## DATA BELOW
^^^^
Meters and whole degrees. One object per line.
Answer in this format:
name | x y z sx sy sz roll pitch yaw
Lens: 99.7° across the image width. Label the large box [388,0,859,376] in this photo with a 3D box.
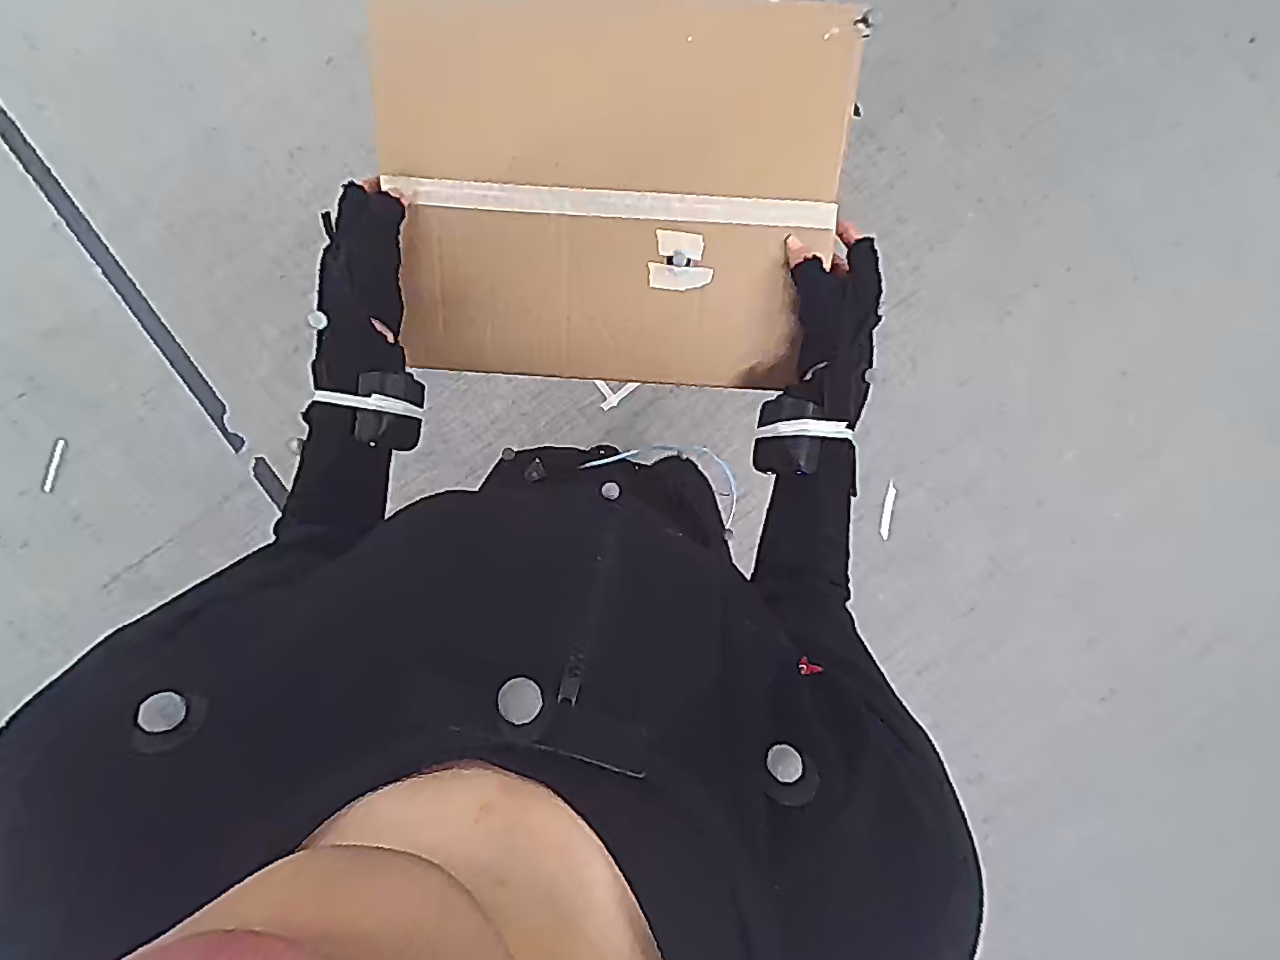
^^^^
## WHAT YOU HAVE TO DO
All of the material is to be reproduced verbatim, pictures excluded.

## REPLY TO THE TASK
Meters and whole degrees. One object per line.
Answer in this format:
name | x y z sx sy sz roll pitch yaw
Lens: 99.7° across the image width. Label the large box [388,0,859,376] in this photo with a 3D box.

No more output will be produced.